[Tomatoes for G, Healthy tomatoes, Pea problems]
My daughter Genevieve does not like to garden but does like good-tasting vegetables, especially tomatoes. So when she recently moved to the third floor of a rented house with access to some backyard space, I, of course, offered her some special tomato plants and help in planting them. No, this wasn’t necessarily going to be a garden, but 9 tomato plants bearing fruits of minimal labor.
The plants — the varieties Anna Russian, Amish Paste, Sungold, Carmello, and Valencia — went into the ground at the end of May. I brought along, besides the 9 plants, some building paper (“rosin paper”), bamboo stakes, a small sledge hammer, compost, and soybean meal (for nitrogen fertilizer).
To plant, we first knocked down some of the existing weeds sprouting along the south border of the narrow, thankfully sunny, city yard. A sprinkling of soybean meal at each planting site was topped with an 18 inch by 18 inch square of the paper slit to its center, into which we cut a planting hole just big enough to accommodate a plant’s root ball. Each plant went into a root-ball-sized hole poked into the ground beneath the opening in the paper. We covered each paper square with an inch or so of compost, hammered a bamboo stake into the ground next to each plant, and the tomato planting was complete.
Genevieve’s job was to water the plants for a few days to get them established, to keep the plants to a single stem by pruning off suckers, and to tie the plants to the stakes, as needed.
I’ve started whole gardens with a more refined version of this paper/compost method, so this week’s visit to the “garden,” possibly Philadelphia’s most low-maintenance “garden,” brought no surprises. The plants were growing and tomatoes were on their way. I couldn’t restrain myself from whacking back weeds that had grown up beyond the paper barriers to shade some of the plants. I stopped my whacking every few minutes to move the end of a hose from one plant to the next to thoroughly soak the ground beneath each plant.
Great-tasting tomatoes are scheduled to begin about the third week in July.
Tomato plants in my own garden also require little care from me now, basically nothing more than periodic tying to their stakes and occasional weeding.
In contrast to last year’s summer of late blight, plants this year look lusty and fruitful. Late blight has already been reported this year in isolated pockets in in Connecticut, Pennsylvania, and Michigan, and on Long Island. My plant’s healthy look comes from a thorough cleanup and composting of diseased residues last year, moving this year’s tomatoes to a new location in the garden, and starting my own planting from seed. All these measures also go a long way to thwarting the other leaf spot diseases (septoria leaf spot and early blight) that more commonly attack tomatoes around here.

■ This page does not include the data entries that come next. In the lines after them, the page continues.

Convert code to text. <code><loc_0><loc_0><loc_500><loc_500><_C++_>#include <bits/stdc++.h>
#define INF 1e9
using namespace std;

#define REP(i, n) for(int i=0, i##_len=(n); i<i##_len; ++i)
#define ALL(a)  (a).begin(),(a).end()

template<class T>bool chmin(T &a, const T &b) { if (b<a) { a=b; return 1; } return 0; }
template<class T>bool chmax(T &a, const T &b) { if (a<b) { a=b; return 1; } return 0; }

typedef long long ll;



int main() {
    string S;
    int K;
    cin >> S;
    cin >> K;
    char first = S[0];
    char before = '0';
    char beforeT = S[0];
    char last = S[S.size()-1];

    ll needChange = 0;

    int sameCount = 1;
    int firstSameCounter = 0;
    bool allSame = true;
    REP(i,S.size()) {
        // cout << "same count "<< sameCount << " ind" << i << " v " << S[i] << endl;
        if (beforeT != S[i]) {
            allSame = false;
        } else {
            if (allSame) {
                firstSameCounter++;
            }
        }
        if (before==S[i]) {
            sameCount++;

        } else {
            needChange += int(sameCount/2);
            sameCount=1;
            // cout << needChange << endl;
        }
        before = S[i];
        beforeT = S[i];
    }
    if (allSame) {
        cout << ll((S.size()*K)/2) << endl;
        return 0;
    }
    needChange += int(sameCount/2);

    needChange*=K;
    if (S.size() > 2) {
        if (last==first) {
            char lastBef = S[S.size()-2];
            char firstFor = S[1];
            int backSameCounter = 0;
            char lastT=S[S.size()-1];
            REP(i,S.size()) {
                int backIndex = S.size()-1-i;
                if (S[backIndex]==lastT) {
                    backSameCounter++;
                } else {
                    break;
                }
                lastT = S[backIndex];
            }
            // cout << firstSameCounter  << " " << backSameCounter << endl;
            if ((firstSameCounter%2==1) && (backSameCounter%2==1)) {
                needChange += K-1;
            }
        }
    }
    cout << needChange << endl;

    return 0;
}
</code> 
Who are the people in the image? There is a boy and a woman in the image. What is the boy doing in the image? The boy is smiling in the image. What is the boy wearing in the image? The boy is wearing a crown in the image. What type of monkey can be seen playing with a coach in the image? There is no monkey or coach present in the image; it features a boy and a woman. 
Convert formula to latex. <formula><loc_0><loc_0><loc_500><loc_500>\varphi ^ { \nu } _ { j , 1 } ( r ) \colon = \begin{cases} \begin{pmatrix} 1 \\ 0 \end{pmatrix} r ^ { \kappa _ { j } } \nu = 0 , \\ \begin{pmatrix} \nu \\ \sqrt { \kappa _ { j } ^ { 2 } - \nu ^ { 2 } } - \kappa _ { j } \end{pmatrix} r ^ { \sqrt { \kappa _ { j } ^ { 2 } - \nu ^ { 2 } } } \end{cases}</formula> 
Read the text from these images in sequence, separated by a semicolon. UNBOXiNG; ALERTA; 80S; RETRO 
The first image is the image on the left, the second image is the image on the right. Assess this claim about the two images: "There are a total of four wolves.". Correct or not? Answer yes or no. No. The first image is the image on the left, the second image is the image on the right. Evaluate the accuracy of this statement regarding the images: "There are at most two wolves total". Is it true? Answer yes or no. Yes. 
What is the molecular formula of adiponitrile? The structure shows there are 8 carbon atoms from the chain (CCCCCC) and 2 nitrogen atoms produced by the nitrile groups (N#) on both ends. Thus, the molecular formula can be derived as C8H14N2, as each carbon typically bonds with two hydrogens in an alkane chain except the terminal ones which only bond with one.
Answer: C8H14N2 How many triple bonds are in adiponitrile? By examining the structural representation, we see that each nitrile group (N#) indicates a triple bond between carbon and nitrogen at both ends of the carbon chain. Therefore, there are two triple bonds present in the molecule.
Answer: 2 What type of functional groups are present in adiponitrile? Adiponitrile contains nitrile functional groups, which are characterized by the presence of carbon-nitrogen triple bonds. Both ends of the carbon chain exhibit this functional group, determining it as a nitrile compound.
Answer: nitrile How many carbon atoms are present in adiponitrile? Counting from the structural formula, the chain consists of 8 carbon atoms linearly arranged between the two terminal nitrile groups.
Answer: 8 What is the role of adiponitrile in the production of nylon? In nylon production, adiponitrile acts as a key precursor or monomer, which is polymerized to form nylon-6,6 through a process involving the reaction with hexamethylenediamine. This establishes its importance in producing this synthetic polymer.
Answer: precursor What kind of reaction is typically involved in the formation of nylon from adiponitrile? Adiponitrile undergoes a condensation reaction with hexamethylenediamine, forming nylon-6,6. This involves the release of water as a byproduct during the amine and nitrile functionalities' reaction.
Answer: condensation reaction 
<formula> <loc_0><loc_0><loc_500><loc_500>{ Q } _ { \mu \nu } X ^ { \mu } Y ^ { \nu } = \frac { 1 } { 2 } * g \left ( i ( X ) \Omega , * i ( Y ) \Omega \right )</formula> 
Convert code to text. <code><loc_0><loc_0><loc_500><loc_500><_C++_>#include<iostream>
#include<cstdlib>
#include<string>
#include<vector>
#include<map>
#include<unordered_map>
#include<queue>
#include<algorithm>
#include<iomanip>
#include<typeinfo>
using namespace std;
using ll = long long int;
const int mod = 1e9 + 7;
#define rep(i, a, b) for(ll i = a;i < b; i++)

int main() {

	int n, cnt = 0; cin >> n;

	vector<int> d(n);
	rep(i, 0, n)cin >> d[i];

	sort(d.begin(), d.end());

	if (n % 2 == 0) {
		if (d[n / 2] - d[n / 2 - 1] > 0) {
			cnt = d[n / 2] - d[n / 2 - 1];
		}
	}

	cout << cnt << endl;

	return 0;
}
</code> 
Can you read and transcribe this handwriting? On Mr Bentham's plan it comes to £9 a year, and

The hot, sunny weather also helps a lot, ultraviolet rays and heat stopping late blight dead in its tracks.
Back in March I wrote of my pea problems. In brief, every year for the past few years, my peas have begun bearing pods and then too soon afterwards have begun to yellow and die. I thought I narrowed down the cause to one or two root diseases of peas, fusarium and aphanomyces, both of which live for a long, long time in the soil, making crop rotation of limited utility in their control.
To keep these diseases in check, I planted the fusarium resistant variety Little Marvel and, because aphanomyces likes wet soil, kept the pea beds on the dry side. I also made one planting in an area that’s never been home to peas.
The only peas still thriving are the ones planted in a previously pea-less home. Pulling up yellowing vines from the other beds did not, unfortunately, yield tell tale symptoms of few branch roots (aphanomyces) or reddish roots (fusarium), so I’m still in a quandary.
Dear Dr. Reich;
I’m happy to see your tomato plants, and know that my plants are not unusual with their 5′ height. True, tomatoes appear to be doing very well this year. I, too, grew from seed indoors, and rotated the planting. Thanks for all your fabulous gardening information!
Do keep us posted if you find the answer to the early pea dieback. I’v been having the same problem.